Department of Computational Biology and AI, Kcat Enzymatic Private Limited, #16, Ramakrishnappa Road, Cox Town, Bangalore, 560005, India.
Department of Biotechnology and Bioinformatics, JSS Academy of Higher Education and Research, Mysuru, 570015, India.
Sci Rep. 2024 Aug 2;14(1):17892. doi: 10.1038/s41598-024-60824-x.
Proteins possessing double active sites have the potential to revolutionise enzyme design strategies. This study extensively explored an enzyme that contains both a natural active site (NAS) and an engineered active site (EAS), focusing on understanding its structural and functional properties. Metadynamics simulations were employed to investigate how substrates interacted with their respective active sites. The results revealed that both the NAS and EAS exhibited similar minimum energy states, indicating comparable binding affinities. However, it became apparent that the EAS had a weaker binding site for the substrate due to its smaller pocket and constrained conformation. Interestingly, the EAS also displayed dynamic behaviour, with the substrate observed to move outside the pocket, suggesting the possibility of substrate translocation. To gain further insights, steered molecular dynamics (SMD) simulations were conducted to study the conformational changes of the substrate and its interactions with catalytic residues. Notably, the substrate adopted distinct conformations, including near-attack conformations, in both the EAS and NAS. Nevertheless, the NAS demonstrated superior binding minima for the substrate compared to the EAS, reinforcing the observation that the engineered active site was less favourable for substrate binding due to its limitations. The QM/MM (Quantum mechanics and molecular mechanics) analyses highlight the energy disparity between NAS and EAS. Specifically, EAS exhibited elevated energy levels due to its engineered active site being located on the surface. This positioning exposes the substrate to solvents and water molecules, adding to the energy challenge. Consequently, the engineered enzyme did not provide a significant advantage in substrate binding over the single active site protein. Further, the investigation of internal channels and tunnels within the protein shed light on the pathways facilitating transport between the two active sites. By unravelling the complex dynamics and functional characteristics of this double-active site protein, this study offers valuable insights into novel strategies of enzyme engineering. These findings establish a solid foundation for future research endeavours aimed at harnessing the potential of double-active site proteins in diverse biotechnological applications.

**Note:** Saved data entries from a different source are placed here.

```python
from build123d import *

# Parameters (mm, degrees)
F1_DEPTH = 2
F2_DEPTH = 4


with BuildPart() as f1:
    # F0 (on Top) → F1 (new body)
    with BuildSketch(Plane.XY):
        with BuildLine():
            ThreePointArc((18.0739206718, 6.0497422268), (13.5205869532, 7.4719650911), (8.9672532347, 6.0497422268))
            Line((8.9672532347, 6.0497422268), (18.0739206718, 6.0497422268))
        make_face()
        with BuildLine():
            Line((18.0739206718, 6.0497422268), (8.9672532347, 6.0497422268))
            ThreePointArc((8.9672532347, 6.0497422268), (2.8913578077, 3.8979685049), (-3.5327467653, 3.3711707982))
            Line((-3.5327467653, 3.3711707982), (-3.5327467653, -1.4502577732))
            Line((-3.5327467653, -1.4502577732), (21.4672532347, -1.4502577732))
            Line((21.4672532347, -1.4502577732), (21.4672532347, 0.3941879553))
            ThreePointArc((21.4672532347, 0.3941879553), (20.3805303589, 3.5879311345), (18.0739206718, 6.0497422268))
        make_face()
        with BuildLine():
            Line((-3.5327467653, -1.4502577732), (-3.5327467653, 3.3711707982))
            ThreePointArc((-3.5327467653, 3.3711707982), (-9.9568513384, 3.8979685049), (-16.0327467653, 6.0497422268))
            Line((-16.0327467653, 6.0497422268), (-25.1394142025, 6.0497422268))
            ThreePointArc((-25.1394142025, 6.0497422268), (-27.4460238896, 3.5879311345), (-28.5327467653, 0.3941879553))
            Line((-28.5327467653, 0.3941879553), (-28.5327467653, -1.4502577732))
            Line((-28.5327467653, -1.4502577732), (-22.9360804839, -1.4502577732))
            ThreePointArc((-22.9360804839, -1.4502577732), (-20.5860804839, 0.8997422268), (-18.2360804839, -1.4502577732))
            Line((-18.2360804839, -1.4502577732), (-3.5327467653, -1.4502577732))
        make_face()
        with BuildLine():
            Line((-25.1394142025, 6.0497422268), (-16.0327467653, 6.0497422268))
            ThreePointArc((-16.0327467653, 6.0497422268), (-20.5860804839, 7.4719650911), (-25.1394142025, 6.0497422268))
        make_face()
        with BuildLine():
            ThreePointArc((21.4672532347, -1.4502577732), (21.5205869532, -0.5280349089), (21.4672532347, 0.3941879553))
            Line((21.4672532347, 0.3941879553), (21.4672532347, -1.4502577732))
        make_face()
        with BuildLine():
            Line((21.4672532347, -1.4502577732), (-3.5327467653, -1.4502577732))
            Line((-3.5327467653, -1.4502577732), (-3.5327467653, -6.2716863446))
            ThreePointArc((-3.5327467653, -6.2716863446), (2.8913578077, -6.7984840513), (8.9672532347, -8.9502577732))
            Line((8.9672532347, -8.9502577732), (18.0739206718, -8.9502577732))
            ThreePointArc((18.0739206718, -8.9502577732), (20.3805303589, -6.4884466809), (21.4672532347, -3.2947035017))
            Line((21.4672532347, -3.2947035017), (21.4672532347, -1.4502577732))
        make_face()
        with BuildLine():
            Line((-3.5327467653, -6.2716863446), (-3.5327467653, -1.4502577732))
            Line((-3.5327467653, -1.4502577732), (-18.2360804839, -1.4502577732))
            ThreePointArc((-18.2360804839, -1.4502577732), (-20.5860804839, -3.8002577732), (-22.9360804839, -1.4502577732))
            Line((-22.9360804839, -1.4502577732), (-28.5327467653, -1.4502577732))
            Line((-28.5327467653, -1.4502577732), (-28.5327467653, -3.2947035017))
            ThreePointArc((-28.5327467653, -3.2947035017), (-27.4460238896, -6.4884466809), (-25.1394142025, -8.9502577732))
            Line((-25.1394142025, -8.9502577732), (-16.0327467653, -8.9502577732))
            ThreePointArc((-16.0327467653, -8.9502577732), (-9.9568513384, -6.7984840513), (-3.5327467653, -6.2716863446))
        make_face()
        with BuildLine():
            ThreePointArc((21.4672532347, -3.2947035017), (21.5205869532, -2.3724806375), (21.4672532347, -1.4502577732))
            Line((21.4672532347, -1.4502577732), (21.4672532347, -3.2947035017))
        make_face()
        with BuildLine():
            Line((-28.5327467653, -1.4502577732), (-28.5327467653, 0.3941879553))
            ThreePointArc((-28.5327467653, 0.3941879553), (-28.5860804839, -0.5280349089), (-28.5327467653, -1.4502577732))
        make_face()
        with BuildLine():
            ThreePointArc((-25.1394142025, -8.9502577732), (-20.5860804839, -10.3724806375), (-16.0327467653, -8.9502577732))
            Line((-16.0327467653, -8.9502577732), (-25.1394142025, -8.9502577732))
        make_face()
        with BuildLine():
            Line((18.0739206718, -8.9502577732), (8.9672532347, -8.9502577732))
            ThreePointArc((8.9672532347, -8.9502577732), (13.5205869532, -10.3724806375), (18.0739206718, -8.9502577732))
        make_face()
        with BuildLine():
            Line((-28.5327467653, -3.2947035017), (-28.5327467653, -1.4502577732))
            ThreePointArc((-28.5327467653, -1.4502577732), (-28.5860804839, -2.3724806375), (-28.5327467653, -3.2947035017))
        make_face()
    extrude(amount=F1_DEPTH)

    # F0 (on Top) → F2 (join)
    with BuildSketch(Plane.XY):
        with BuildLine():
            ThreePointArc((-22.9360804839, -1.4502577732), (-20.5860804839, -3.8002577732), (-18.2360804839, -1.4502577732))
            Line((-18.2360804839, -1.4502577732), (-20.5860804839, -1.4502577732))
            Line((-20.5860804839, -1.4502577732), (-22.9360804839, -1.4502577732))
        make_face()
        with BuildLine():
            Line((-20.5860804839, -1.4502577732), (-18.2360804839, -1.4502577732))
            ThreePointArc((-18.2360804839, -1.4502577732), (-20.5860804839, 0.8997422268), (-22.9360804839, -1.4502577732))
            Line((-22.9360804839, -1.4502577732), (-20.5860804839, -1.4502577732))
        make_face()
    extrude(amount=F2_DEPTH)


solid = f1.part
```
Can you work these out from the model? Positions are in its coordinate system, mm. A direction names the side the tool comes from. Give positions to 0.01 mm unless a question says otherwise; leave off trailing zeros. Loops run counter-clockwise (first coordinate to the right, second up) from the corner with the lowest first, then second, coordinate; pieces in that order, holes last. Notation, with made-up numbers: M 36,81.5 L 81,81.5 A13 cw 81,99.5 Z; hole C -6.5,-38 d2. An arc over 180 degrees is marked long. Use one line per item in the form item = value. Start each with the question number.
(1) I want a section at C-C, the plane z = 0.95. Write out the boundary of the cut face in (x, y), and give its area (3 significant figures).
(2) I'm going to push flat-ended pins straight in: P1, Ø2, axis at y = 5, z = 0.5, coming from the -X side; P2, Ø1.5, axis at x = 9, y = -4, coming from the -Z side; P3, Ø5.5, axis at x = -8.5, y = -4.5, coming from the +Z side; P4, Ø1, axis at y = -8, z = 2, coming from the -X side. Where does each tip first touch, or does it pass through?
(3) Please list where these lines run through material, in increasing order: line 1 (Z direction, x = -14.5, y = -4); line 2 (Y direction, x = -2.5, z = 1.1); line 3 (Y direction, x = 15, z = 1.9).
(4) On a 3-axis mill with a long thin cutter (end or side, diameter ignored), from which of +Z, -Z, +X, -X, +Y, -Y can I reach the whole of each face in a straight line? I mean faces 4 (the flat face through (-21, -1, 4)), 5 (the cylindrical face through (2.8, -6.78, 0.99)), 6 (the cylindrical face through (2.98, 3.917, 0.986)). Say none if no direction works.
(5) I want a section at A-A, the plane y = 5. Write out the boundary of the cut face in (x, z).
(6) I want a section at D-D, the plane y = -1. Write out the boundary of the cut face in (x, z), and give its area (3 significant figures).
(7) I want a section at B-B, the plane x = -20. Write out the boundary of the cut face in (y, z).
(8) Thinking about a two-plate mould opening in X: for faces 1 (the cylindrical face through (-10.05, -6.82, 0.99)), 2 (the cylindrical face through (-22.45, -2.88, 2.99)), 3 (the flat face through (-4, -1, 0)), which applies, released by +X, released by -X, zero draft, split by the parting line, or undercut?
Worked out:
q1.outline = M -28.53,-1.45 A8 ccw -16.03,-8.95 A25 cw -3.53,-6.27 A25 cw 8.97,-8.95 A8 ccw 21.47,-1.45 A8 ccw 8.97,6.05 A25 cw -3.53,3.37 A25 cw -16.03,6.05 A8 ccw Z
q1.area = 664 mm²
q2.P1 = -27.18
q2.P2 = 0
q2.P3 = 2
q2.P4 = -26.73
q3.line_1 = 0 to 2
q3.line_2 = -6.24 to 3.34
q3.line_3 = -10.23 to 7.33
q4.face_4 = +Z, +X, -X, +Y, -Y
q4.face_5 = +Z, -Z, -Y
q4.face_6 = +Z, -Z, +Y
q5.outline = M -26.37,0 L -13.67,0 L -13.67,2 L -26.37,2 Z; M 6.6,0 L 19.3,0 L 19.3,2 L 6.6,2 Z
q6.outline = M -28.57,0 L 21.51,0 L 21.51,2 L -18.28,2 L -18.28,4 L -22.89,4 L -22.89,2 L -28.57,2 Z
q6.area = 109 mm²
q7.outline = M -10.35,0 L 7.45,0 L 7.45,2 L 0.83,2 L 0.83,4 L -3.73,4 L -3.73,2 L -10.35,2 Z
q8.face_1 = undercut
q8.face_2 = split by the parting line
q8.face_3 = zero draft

具有双活性位点的蛋白质有可能彻底改变酶设计策略。本研究广泛探索了一种既包含天然活性位点 (NAS) 又包含工程化活性位点 (EAS) 的酶,重点研究其结构和功能特性。元动力学模拟用于研究底物如何与其各自的活性位点相互作用。结果表明,NAS 和 EAS 都表现出相似的最低能量状态,表明结合亲和力相当。然而,显然由于较小的口袋和受限的构象,EAS 对底物的结合位点较弱。有趣的是,EAS 还表现出动态行为,观察到底物移出口袋外,表明存在底物易位的可能性。为了获得更深入的见解,进行了导向分子动力学 (SMD) 模拟以研究底物的构象变化及其与催化残基的相互作用。值得注意的是,底物在 EAS 和 NAS 中均采用了不同的构象,包括接近攻击构象。然而,NAS 表现出对底物更好的结合极小值,与观察到的工程化活性位点对底物结合不利的结果一致,这是由于其限制导致的。QM/MM(量子力学和分子力学)分析突出了 NAS 和 EAS 之间的能量差异。具体而言,由于工程化的活性位点位于表面,EAS 表现出升高的能级。这种定位使底物暴露于溶剂和水分子中,增加了能量挑战。因此,与具有单一活性位点的蛋白质相比,工程化酶在底物结合方面并没有提供显著优势。此外,对蛋白质内部通道和隧道的研究揭示了促进两个活性位点之间物质传输的途径。通过揭示这种双活性位点蛋白质的复杂动力学和功能特征,本研究为酶工程的新策略提供了有价值的见解。这些发现为未来旨在利用双活性位点蛋白质在各种生物技术应用中的潜力的研究奠定了坚实的基础。